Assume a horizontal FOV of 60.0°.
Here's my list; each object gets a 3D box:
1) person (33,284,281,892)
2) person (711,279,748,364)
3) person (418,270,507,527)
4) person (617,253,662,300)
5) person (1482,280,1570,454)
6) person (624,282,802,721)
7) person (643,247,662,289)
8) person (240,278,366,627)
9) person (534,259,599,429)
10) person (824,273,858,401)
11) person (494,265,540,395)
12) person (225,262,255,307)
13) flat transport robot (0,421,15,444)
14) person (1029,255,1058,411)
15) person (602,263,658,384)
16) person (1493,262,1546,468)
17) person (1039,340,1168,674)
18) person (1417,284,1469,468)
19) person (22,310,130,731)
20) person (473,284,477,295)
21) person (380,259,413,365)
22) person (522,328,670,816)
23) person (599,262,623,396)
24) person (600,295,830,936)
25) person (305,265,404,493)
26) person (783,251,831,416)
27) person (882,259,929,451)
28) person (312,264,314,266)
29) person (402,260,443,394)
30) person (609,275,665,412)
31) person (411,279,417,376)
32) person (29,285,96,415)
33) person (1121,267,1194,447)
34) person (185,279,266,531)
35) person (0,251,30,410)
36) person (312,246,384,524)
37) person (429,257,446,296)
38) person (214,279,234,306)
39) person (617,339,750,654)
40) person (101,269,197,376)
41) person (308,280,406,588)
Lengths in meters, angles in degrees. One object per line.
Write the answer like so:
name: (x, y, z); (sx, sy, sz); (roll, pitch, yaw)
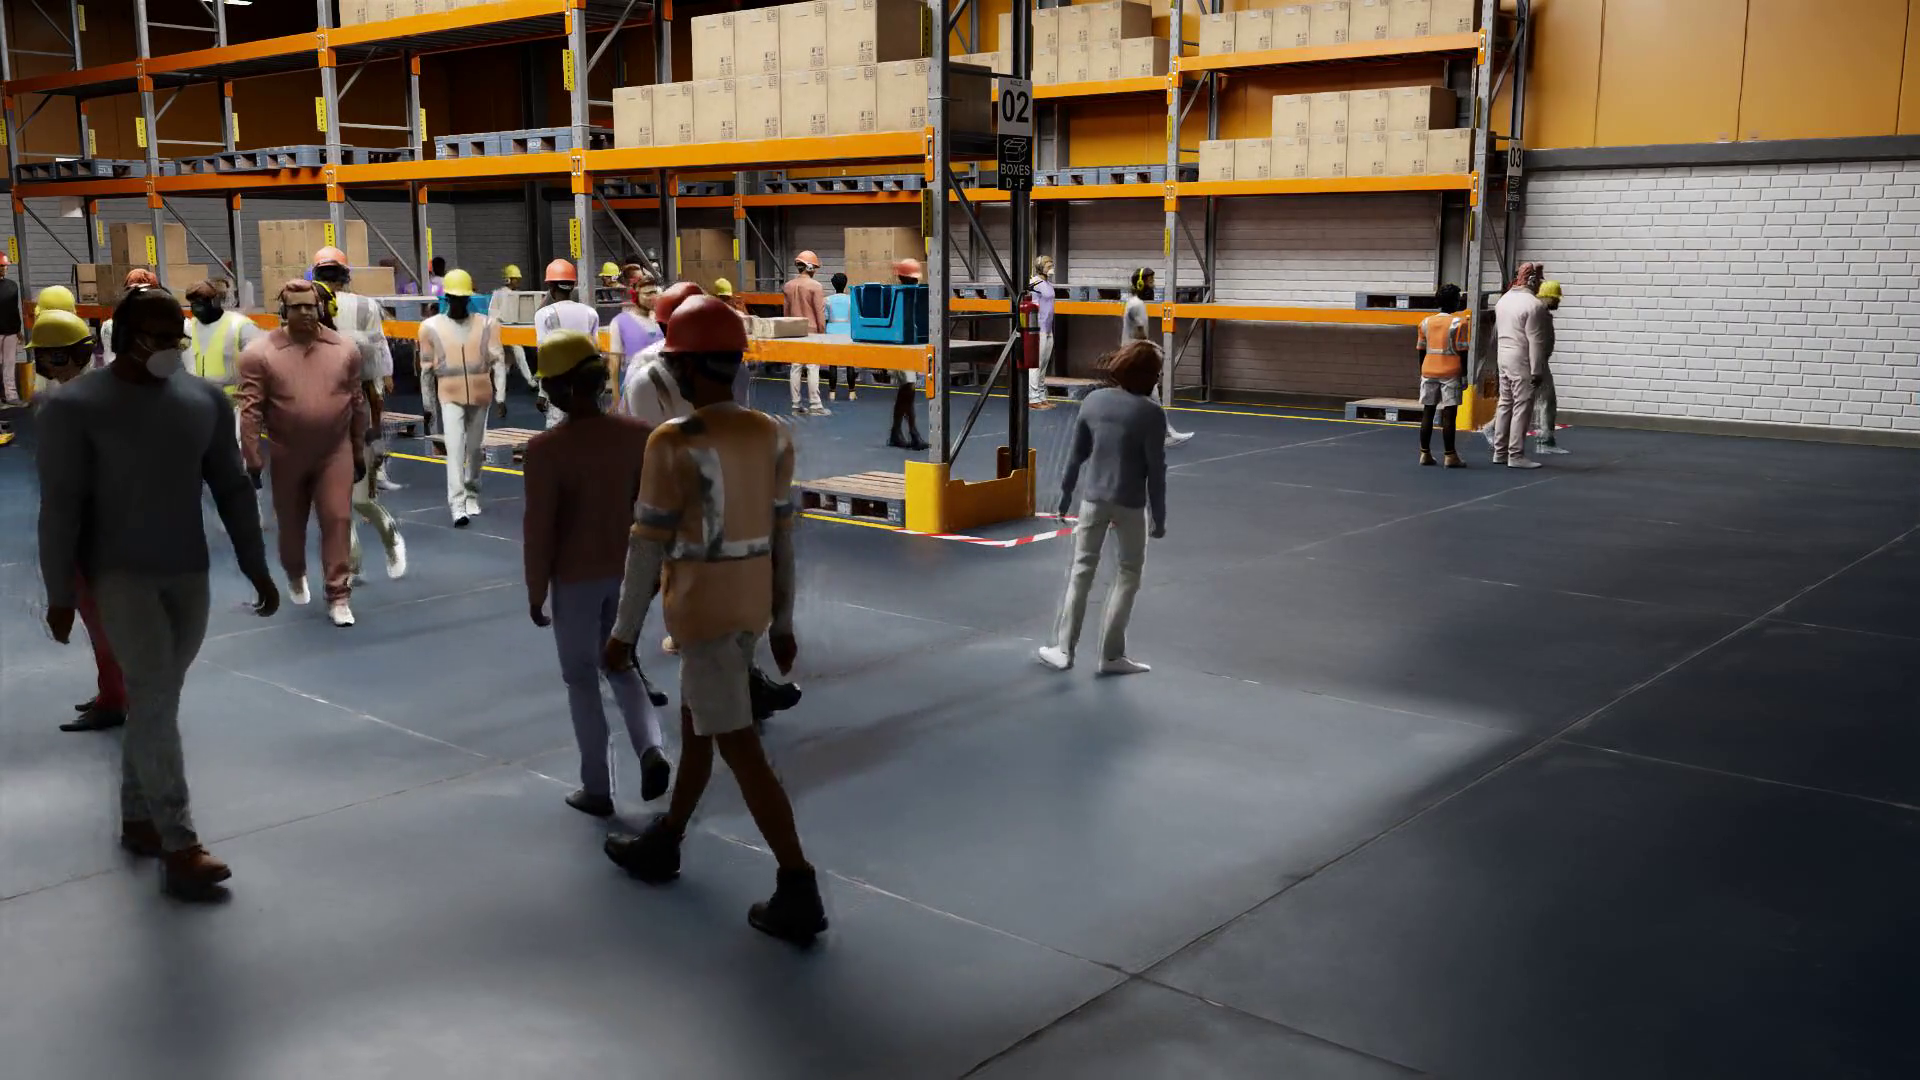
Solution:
person: (-2.521, 0.141, 5.353); (0.870, 1.900, 0.650); (6, 11, 29)
person: (-2.501, -1.874, 17.407); (0.528, 1.710, 0.944); (-5, 11, -25)
person: (-3.661, -1.055, 12.308); (0.595, 1.861, 1.002); (-5, 11, -25)
person: (-3.660, -2.269, 18.933); (0.612, 1.957, 0.380); (-5, 11, -25)
person: (5.619, -1.703, 16.404); (0.775, 1.713, 0.498); (2, 10, 14)
person: (-1.160, -0.153, 7.114); (1.072, 1.869, 0.553); (8, 13, 37)
person: (-4.637, -3.413, 25.214); (0.537, 2.000, 0.683); (6, 12, 32)
person: (-3.602, -0.503, 9.151); (0.655, 1.869, 0.958); (-5, 11, -28)
person: (-3.042, -1.189, 12.844); (0.377, 1.936, 0.549); (9, 14, 43)
person: (-1.578, -2.684, 22.034); (0.535, 1.700, 0.318); (-1, 10, -4)
person: (-6.153, -2.904, 23.052); (0.919, 1.783, 0.612); (3, 10, 18)
person: (-10.985, -3.316, 25.287); (0.580, 1.841, 0.922); (0, 10, 1)
flat transport robot: (-10.477, -1.071, 16.915); (1.431, 0.197, 0.652); (-4, 11, -22)
person: (1.026, -2.586, 20.797); (0.372, 1.940, 0.630); (4, 11, 20)
person: (-3.290, -1.820, 16.633); (0.655, 1.882, 0.833); (-9, 13, -41)
person: (5.195, -1.607, 15.357); (0.402, 1.896, 0.652); (-2, 10, -14)
person: (0.696, -0.157, 7.941); (0.654, 1.596, 0.385); (7, 12, 37)
person: (4.471, -1.515, 15.389); (0.321, 1.696, 0.530); (-8, 13, -39)
person: (-3.723, -0.082, 7.031); (0.316, 1.767, 0.535); (-3, 10, -16)
person: (-7.340, -3.117, 24.771); (0.551, 1.609, 0.531); (4, 11, 21)
person: (-9.681, -3.902, 28.633); (1.066, 1.823, 0.650); (-3, 10, -17)
person: (-1.284, 0.128, 5.870); (0.410, 1.744, 0.541); (10, 14, 44)
person: (-4.724, -2.862, 22.685); (0.589, 1.827, 0.404); (7, 12, 36)
person: (-0.743, 0.213, 5.015); (0.996, 1.890, 0.546); (6, 12, 31)
person: (-4.967, -1.309, 13.677); (0.737, 1.898, 0.396); (-1, 10, -3)
person: (-1.851, -2.489, 20.112); (0.611, 1.985, 0.394); (7, 12, 34)
person: (-0.447, -1.848, 16.671); (0.832, 1.904, 0.565); (9, 13, 42)
person: (-5.389, -1.396, 14.118); (0.621, 1.911, 0.528); (5, 11, 24)
person: (-7.388, -2.941, 22.943); (0.554, 1.909, 0.790); (-3, 10, -17)
person: (-2.490, -1.136, 12.867); (0.743, 1.828, 0.574); (10, 14, 44)
person: (-8.557, -3.394, 26.329); (0.537, 1.609, 0.377); (8, 13, 40)
person: (-5.883, -0.783, 10.956); (0.410, 1.791, 0.612); (-9, 13, -41)
person: (1.877, -1.814, 16.737); (0.976, 1.820, 0.506); (3, 10, 15)
person: (-5.203, -0.935, 11.789); (0.645, 1.809, 0.499); (3, 10, 14)
person: (-12.071, -2.645, 20.969); (0.394, 1.994, 0.612); (3, 10, 16)
person: (-4.517, -1.108, 12.111); (0.605, 2.033, 0.392); (-5, 11, -26)
person: (-8.358, -3.600, 26.773); (0.978, 1.863, 0.612); (7, 12, 36)
person: (-9.818, -2.685, 22.280); (0.792, 1.601, 0.549); (7, 12, 34)
person: (-1.428, -0.344, 8.381); (0.752, 1.807, 0.712); (-6, 12, -32)
person: (-5.446, -0.880, 11.236); (0.574, 1.884, 0.356); (-7, 12, -37)
person: (-3.606, -0.612, 9.850); (0.547, 1.838, 0.568); (3, 10, 16)

→ **Requirement**: Working from the data above, extract solely the lines from the one containing "21) person (380,259,413,365)" through the one containing "name: (x, y, z);", exactly as they appear, both included.

→ **Your response**:
21) person (380,259,413,365)
22) person (522,328,670,816)
23) person (599,262,623,396)
24) person (600,295,830,936)
25) person (305,265,404,493)
26) person (783,251,831,416)
27) person (882,259,929,451)
28) person (312,264,314,266)
29) person (402,260,443,394)
30) person (609,275,665,412)
31) person (411,279,417,376)
32) person (29,285,96,415)
33) person (1121,267,1194,447)
34) person (185,279,266,531)
35) person (0,251,30,410)
36) person (312,246,384,524)
37) person (429,257,446,296)
38) person (214,279,234,306)
39) person (617,339,750,654)
40) person (101,269,197,376)
41) person (308,280,406,588)
Lengths in meters, angles in degrees. One object per line.
Write the answer like so:
name: (x, y, z); (sx, sy, sz); (roll, pitch, yaw)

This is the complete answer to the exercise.